Primary, Kari Faux

By Daniel Winogradoff, Albums Editor

kari-faux-primary-cover

SCORE: 7.2

Little Rock, Arkansas is not especially known for fostering creative outlets for artists. However, pop culture consumers – specifically those fond of Childish Gambino, Isaiah Rashad, photographer Tyler Mitchell or HBO’s hit series “Insecure” – certainly recognize Kari Faux, Little Rock’s current champion of sound.

Following her 2016 debut album, Lost En Los Angeles, Faux is back in the game with her impressive seven song EP, Primary.

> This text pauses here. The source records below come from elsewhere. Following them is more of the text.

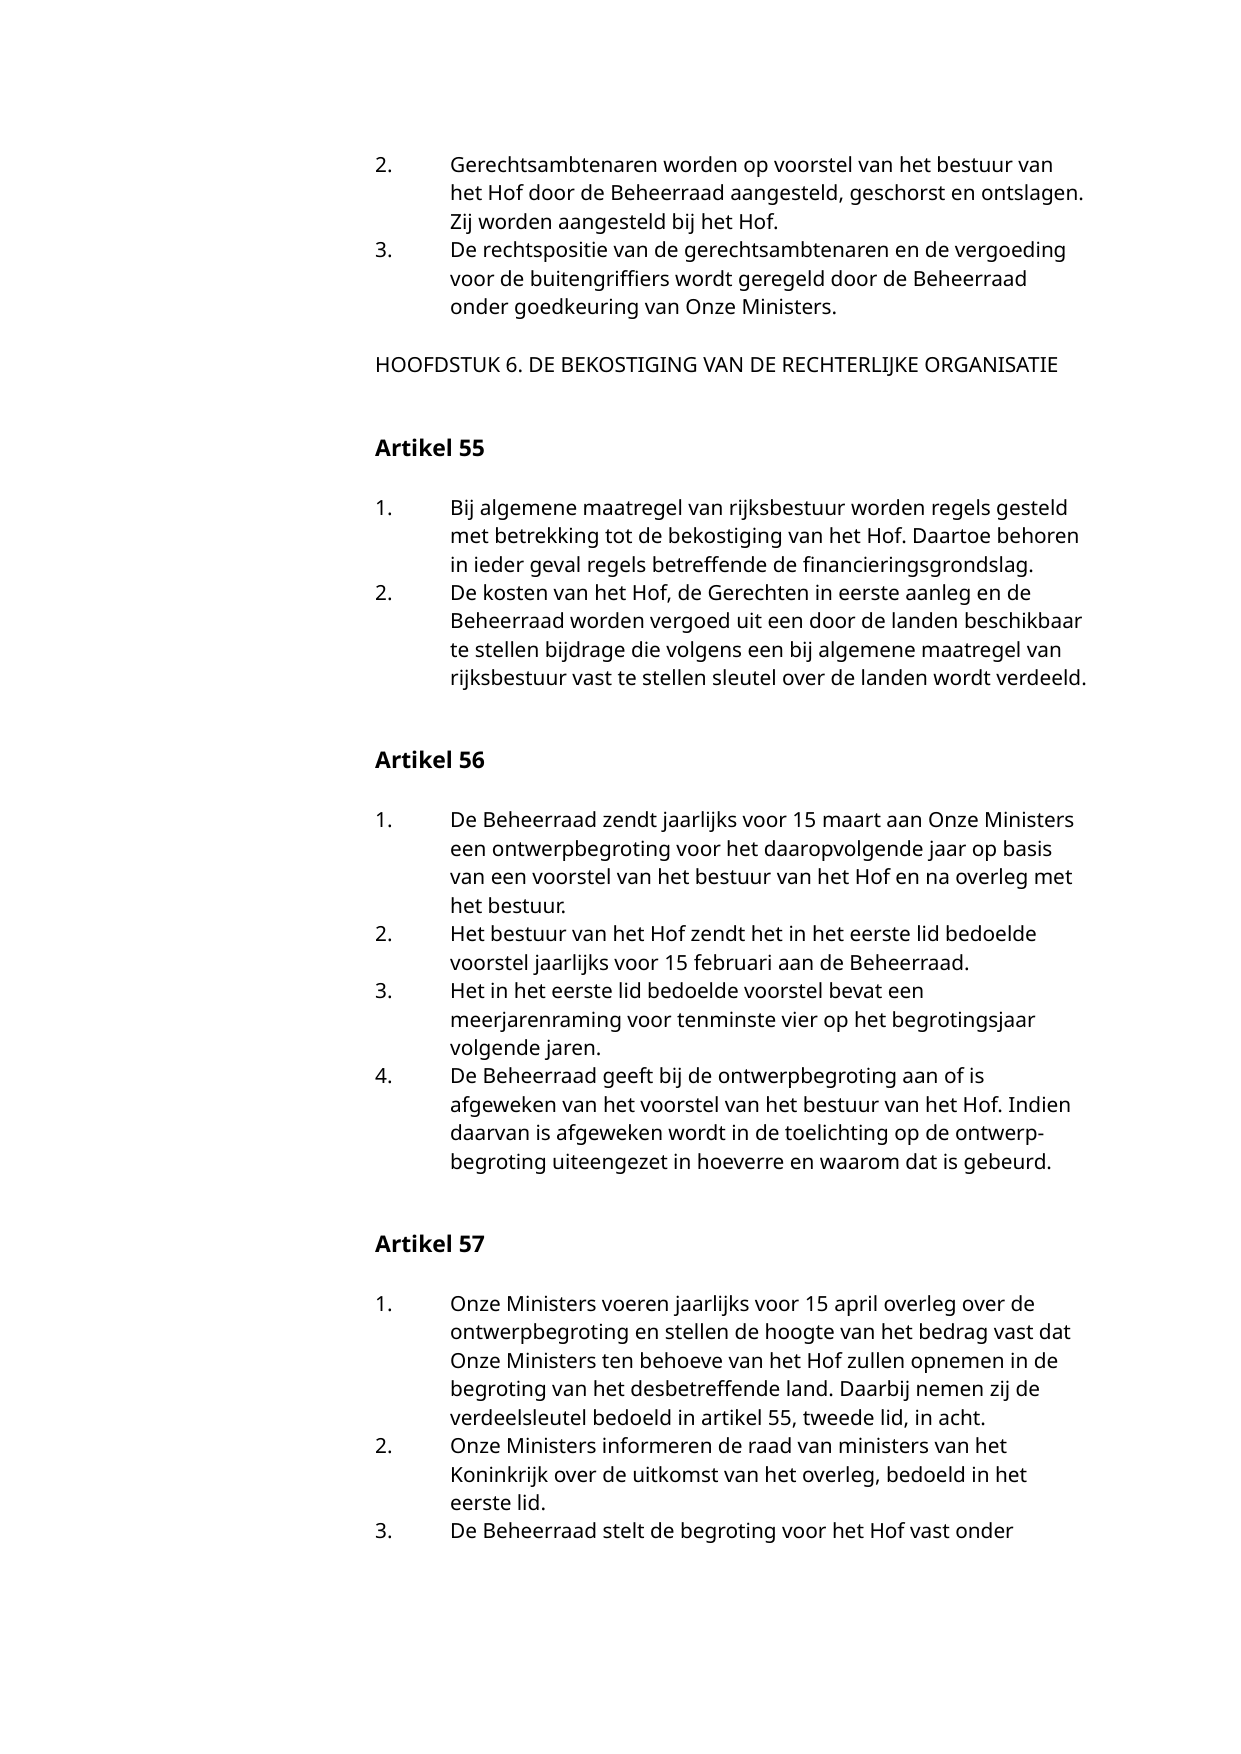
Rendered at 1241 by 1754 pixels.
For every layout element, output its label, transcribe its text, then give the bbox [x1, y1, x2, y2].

list Het in het eerste lid bedoelde voorstel bevat een meerjarenraming voor tenminste vier op het begrotingsjaar volgende jaren. [375, 976, 1090, 1062]
subtitle HOOFDSTUK 6. DE BEKOSTIGING VAN DE RECHTERLIJKE ORGANISATIE [375, 351, 1090, 379]
subtitle Artikel 56 [375, 744, 1090, 776]
list Onze Ministers voeren jaarlijks voor 15 april overleg over de ontwerpbegroting en stellen de hoogte van het bedrag vast dat Onze Ministers ten behoeve van het Hof zullen opnemen in de begroting van het desbetreffende land. Daarbij nemen zij de verdeelsleutel bedoeld in artikel 55, tweede lid, in acht. [375, 1289, 1090, 1431]
list Bij algemene maatregel van rijksbestuur worden regels gesteld met betrekking tot de bekostiging van het Hof. Daartoe behoren in ieder geval regels betreffende de financieringsgrondslag. [375, 493, 1090, 578]
list Het bestuur van het Hof zendt het in het eerste lid bedoelde voorstel jaarlijks voor 15 februari aan de Beheerraad. [375, 919, 1090, 976]
list Gerechtsambtenaren worden op voorstel van het bestuur van het Hof door de Beheerraad aangesteld, geschorst en ontslagen. Zij worden aangesteld bij het Hof. [375, 150, 1090, 235]
list De Beheerraad geeft bij de ontwerpbegroting aan of is afgeweken van het voorstel van het bestuur van het Hof. Indien daarvan is afgeweken wordt in de toelichting op de ontwerp- begroting uiteengezet in hoeverre en waarom dat is gebeurd. [375, 1062, 1090, 1175]
list De Beheerraad stelt de begroting voor het Hof vast onder [375, 1517, 1090, 1545]
list De kosten van het Hof, de Gerechten in eerste aanleg en de Beheerraad worden vergoed uit een door de landen beschikbaar te stellen bijdrage die volgens een bij algemene maatregel van rijksbestuur vast te stellen sleutel over de landen wordt verdeeld. [375, 578, 1090, 692]
list Onze Ministers informeren de raad van ministers van het Koninkrijk over de uitkomst van het overleg, bedoeld in het eerste lid. [375, 1431, 1090, 1517]
list De Beheerraad zendt jaarlijks voor 15 maart aan Onze Ministers een ontwerpbegroting voor het daaropvolgende jaar op basis van een voorstel van het bestuur van het Hof en na overleg met het bestuur. [375, 806, 1090, 919]
list De rechtspositie van de gerechtsambtenaren en de vergoeding voor de buitengriffiers wordt geregeld door de Beheerraad onder goedkeuring van Onze Ministers. [375, 235, 1090, 321]
subtitle Artikel 55 [375, 432, 1090, 463]
subtitle Artikel 57 [375, 1228, 1090, 1259]
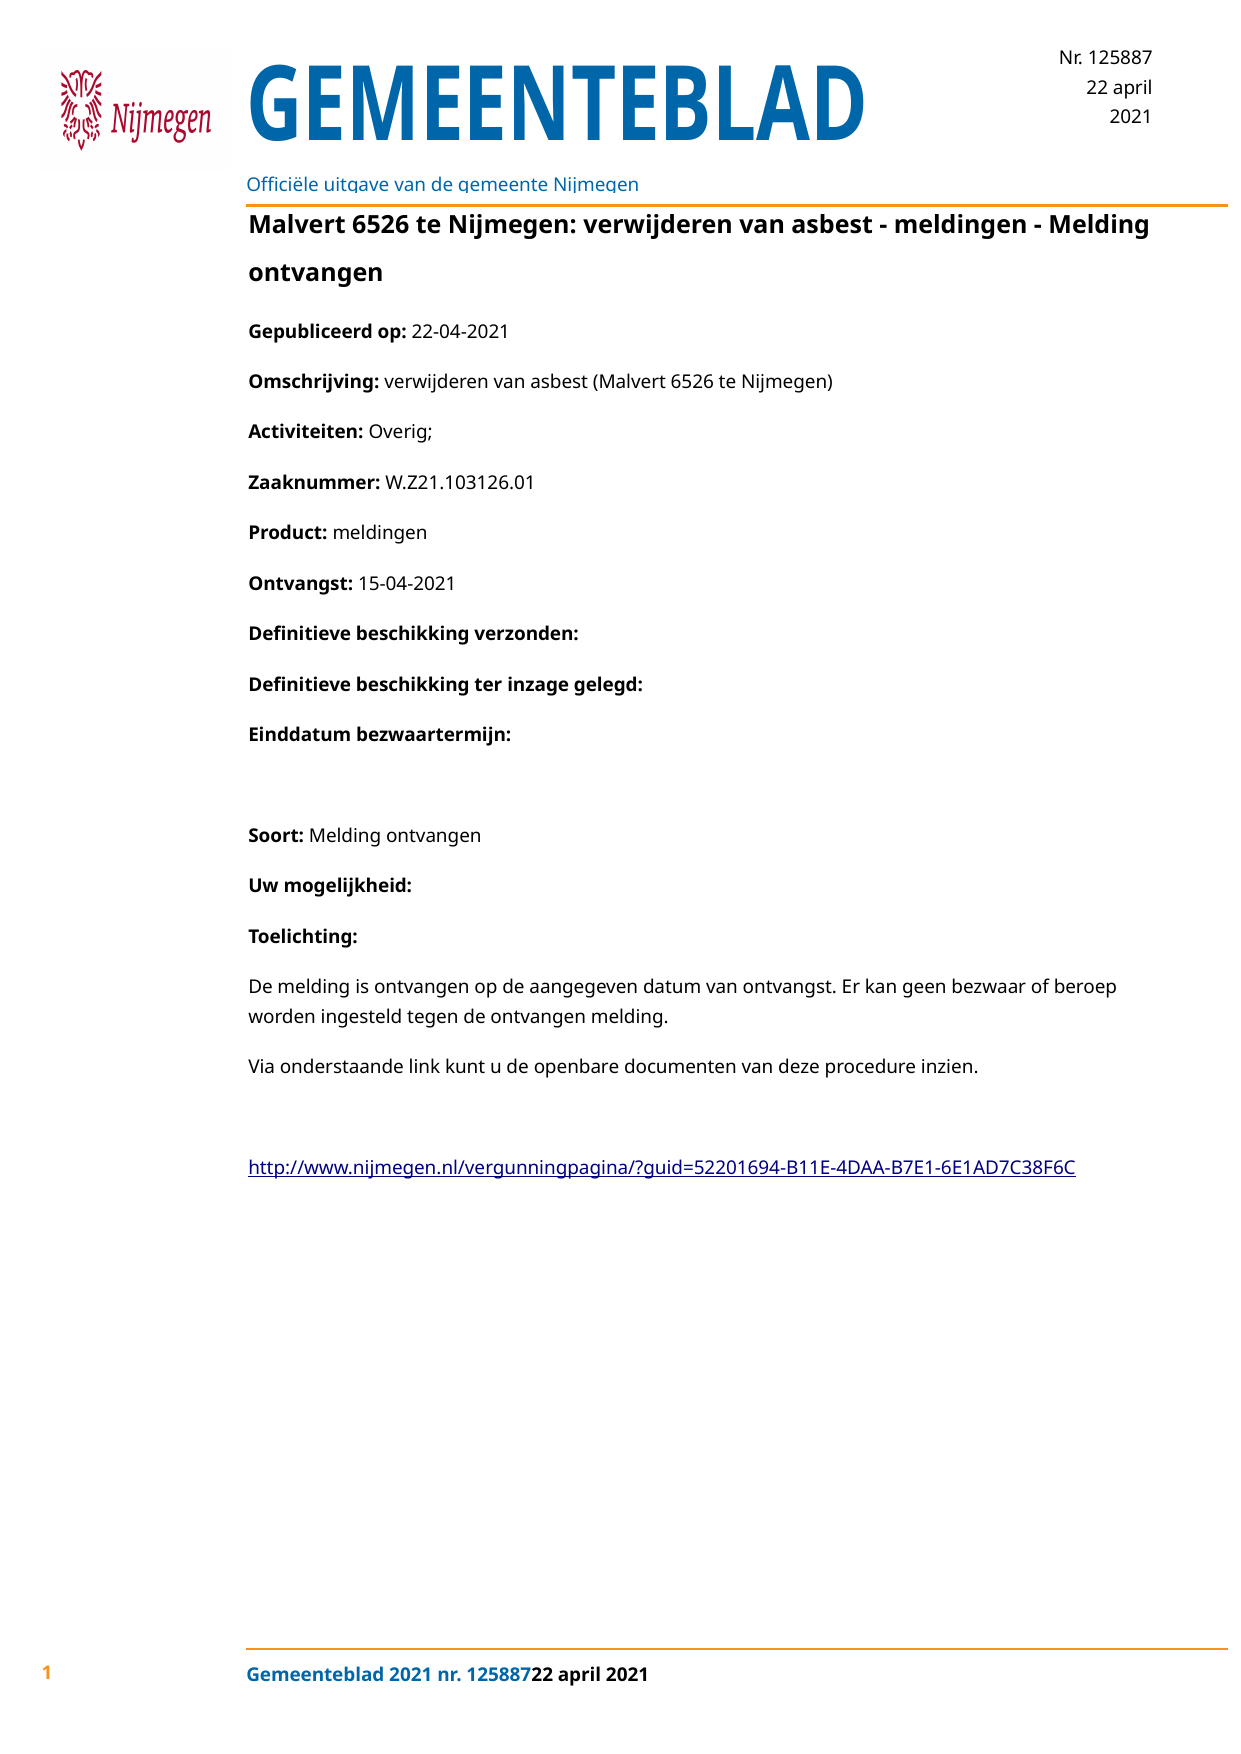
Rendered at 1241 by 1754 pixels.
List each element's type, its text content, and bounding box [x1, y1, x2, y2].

text Einddatum bezwaartermijn: [248, 721, 1152, 747]
text Activiteiten: Overig; [248, 419, 1152, 444]
text Gepubliceerd op: 22-04-2021 [248, 318, 1152, 344]
text Soort: Melding ontvangen [248, 822, 1152, 848]
text Omschrijving: verwijderen van asbest (Malvert 6526 te Nijmegen) [248, 368, 1152, 394]
text Malvert 6526 te Nijmegen: verwijderen van asbest - meldingen - Melding ontvangen [248, 207, 1152, 288]
text http://www.nijmegen.nl/vergunningpagina/?guid=52201694-B11E-4DAA-B7E1-6E1AD7C38F6C [248, 1154, 1152, 1180]
picture [41, 47, 231, 172]
text Ontvangst: 15-04-2021 [248, 570, 1152, 596]
text Definitieve beschikking ter inzage gelegd: [248, 671, 1152, 697]
text De melding is ontvangen op de aangegeven datum van ontvangst. Er kan geen bezwaar of beroep worden ingesteld tegen de ontvangen melding. [248, 973, 1152, 1029]
text Toelichting: [248, 923, 1152, 949]
text Uw mogelijkheid: [248, 872, 1152, 898]
text Zaaknummer: W.Z21.103126.01 [248, 469, 1152, 495]
text Via onderstaande link kunt u de openbare documenten van deze procedure inzien. [248, 1053, 1152, 1079]
text Definitieve beschikking verzonden: [248, 620, 1152, 646]
text Product: meldingen [248, 519, 1152, 545]

Primary is refined and ambidextrous. The juxtaposition between sexy New York, disco-inspired 808-packed jams and Faux’s airy, liquored flow makes for an entertaining listen full of swagger and smooth vibes. However, due to its short nature, the wasted spaces on this project are easily tracked and exposed.

The EP opens up with “Facetious,” Faux’s tone-setting track. After losing her phone in the club, Faux sings and raps about living blithely on a night where an ex presumably tries to get back with her. “I don’t mean to be facetious, ‘cause I see that you’ve been trying to reach me, saw your call was urgent, but I missed that shit on purpose,” Faux recites on the hook. The track is supplemented with voluminous drums and lonesome guitars programmed and produced by E-40 and Isaiah Rashad collaborator Park Ave. and Gage Lane.

The next track, the Jerry Paper-assisted “Gotta Know,” is a mesmerizing anthem about self-assurance and being genuine. Faux effortlessly details her individuality as an up-and-coming artist and person. Her buoyant lyricism is on full display, as she raps “Always had to think outside the box/ Gotta keep my debit cause I’m swiping like a fox” and “Shit, as long as I’m breathing/ Pull up to a fancy restaurant and order grilled cheeses.”

Another highlight of the project is Black Party-produced “Lowkey.” With friendly trap claps painting the background, Faux stresses to her new beau to keep their relationship on the DL.

While Faux shows a knack for gregarious sounds and contemporary romanticism all over this project, Faux’s one area of weakness is a lack of vocalic expansion, figuratively speaking. Faux, at times, fails to draw onto certain thematic elements throughout the project. This is most exuberant on tracks like “Color Wheel” and “New Thang.” With repetition being burgeoningly annoying at times on a 20-minute project, listeners can easily be drawn away from the project over time.

Faux does have quite a lot to be excited for. A successful EP could easily thrust her into the spotlight she has so long been yearning for, especially since her Little Rock, Arkansas days. One thing’s for sure: Little Rock is proud of her work and she knows it, rapping “Baby, I’m the coolest thing that’s coming out of Little Rock.”